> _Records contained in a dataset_
· · · · ·
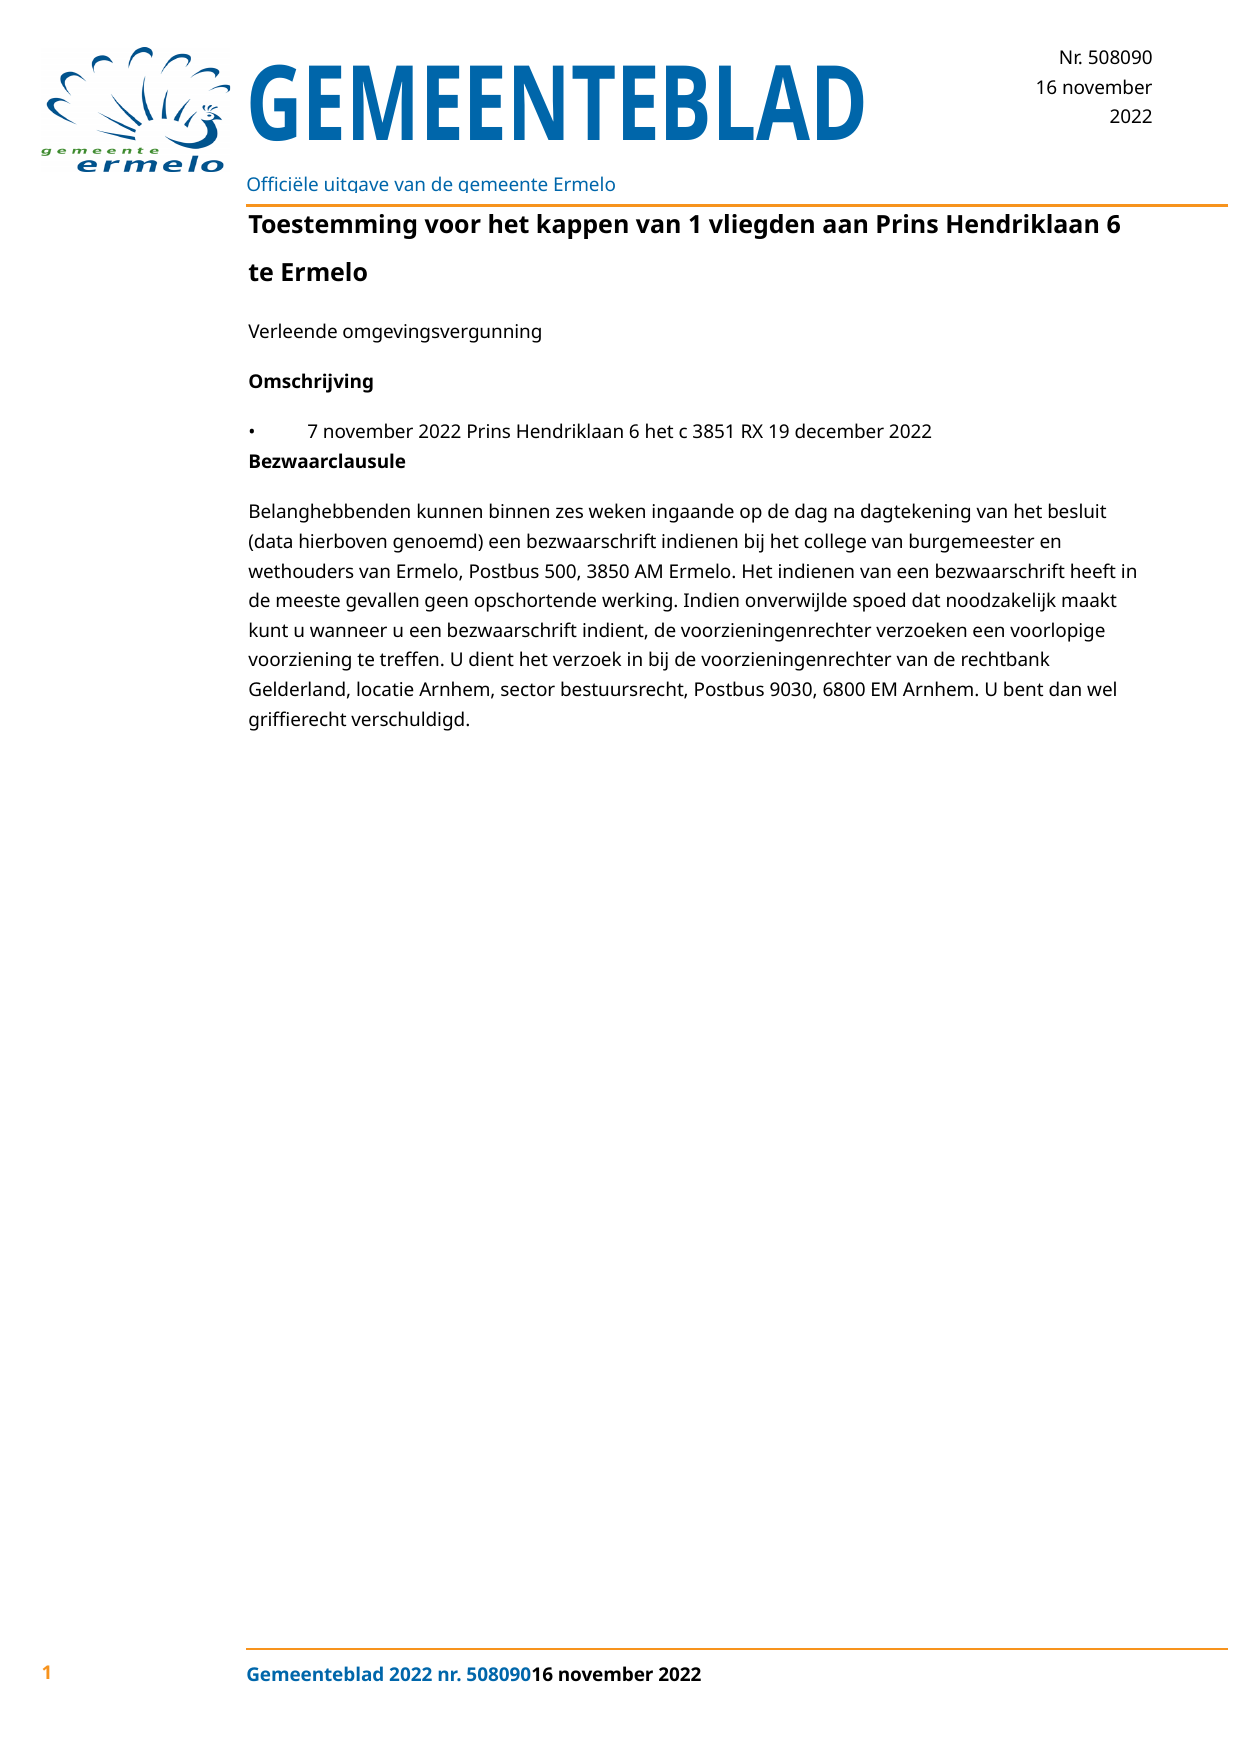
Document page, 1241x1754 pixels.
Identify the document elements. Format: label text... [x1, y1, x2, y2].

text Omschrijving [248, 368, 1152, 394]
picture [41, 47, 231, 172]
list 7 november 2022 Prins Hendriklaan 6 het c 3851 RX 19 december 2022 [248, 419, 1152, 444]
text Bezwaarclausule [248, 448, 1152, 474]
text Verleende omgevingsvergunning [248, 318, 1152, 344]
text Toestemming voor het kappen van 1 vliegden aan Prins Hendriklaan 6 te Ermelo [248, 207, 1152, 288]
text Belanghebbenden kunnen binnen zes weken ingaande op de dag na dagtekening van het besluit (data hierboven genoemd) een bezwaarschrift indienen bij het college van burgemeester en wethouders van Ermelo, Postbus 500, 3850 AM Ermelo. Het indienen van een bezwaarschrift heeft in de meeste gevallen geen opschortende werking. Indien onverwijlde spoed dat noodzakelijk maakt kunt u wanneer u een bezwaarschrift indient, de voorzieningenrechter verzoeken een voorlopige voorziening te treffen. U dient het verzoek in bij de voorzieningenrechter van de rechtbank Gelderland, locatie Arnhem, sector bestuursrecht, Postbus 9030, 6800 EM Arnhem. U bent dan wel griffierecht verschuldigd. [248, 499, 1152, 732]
· · · · ·
> _EXERCISE_
The word "text" appears in some of the lines above. Copy those lines.

> _RESPONSE AREA_
Identify the document elements. Format: label text... [x1, y1, x2, y2].
text Omschrijving [248, 368, 1152, 394]
text Bezwaarclausule [248, 448, 1152, 474]
text Verleende omgevingsvergunning [248, 318, 1152, 344]
text Toestemming voor het kappen van 1 vliegden aan Prins Hendriklaan 6 te Ermelo [248, 207, 1152, 288]
text Belanghebbenden kunnen binnen zes weken ingaande op de dag na dagtekening van het besluit (data hierboven genoemd) een bezwaarschrift indienen bij het college van burgemeester en wethouders van Ermelo, Postbus 500, 3850 AM Ermelo. Het indienen van een bezwaarschrift heeft in de meeste gevallen geen opschortende werking. Indien onverwijlde spoed dat noodzakelijk maakt kunt u wanneer u een bezwaarschrift indient, de voorzieningenrechter verzoeken een voorlopige voorziening te treffen. U dient het verzoek in bij de voorzieningenrechter van de rechtbank Gelderland, locatie Arnhem, sector bestuursrecht, Postbus 9030, 6800 EM Arnhem. U bent dan wel griffierecht verschuldigd. [248, 499, 1152, 732]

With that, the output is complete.